The ability of the model with the lowest squared error to predict the cross validation data set, is then used to predict the test data set, as illustrated below. Each green dot represents a country in a particular year. A perfect model would have all of the points lying along the black line. This model did not use the features of immigration, years women spent in school, and government health spend. The last two features were not required as they are strongly correlated with years men spent in school and total health spend, respectively. In addition the regression coefficients for the features of population, population growth, years men spent in school, GDP and death rate were also orders of magnitude smaller than the coefficients of the dominant features.
The correlation coefficients of the remaining key features are illustrated below.

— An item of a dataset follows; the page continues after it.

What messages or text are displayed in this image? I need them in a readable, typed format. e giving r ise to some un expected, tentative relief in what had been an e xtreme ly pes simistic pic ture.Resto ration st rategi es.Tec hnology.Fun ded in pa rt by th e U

This indicates that life expectancy is most strongly related to child death rate, with a strong negative correlation of -0.93. This makes sense, since the deaths of very young people would bring down the average life expectancy of the entire country. We also find that the birth rate is higher in countries with higher child death rate, with a strong positive correlation of 0.84. Finally the child death rate is lower in countries with higher health spend per capita, with a negative correlation of -0.4.

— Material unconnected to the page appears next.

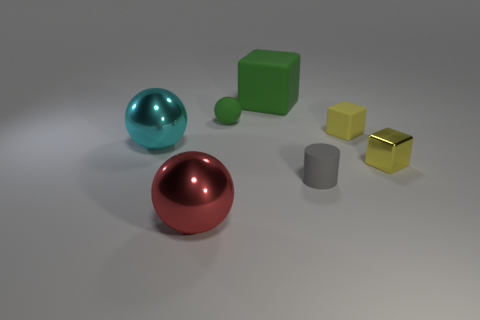There is a thing behind the green rubber ball; what is its size? The object behind the green rubber ball appears to be a red sphere, and judging by the relative scale of objects in the image, its size could be described as medium to large compared to the ball. 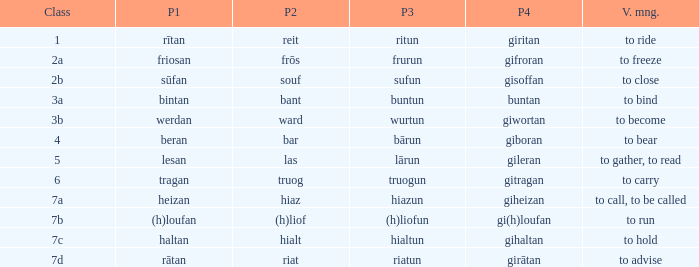What is the part 3 of the word in class 7a? Hiazun.

When inspecting scatter plots of the key features, the relationship between child death rate and health spend per capita is actually far stronger than the correlation coefficient of -0.4 initially suggests. In the scatter plot highlighted in the figure below you can see there is a very tight arrangement of the samples, with the child death rate dropping rapidly past a threshold health care spend. The relationship is a very strong, but not a linear one, which is why the correlation coefficient was not excessively high. To improve the predictability of the model one could perform a transformation linearising the data prior to undertaking the regression, or adopt a nonlinear regression method such as neural networks. This will be the subject of a future post. For completeness, histogram estimates of the probability density functions are illustrated in the plots along the diagonal of the figure below.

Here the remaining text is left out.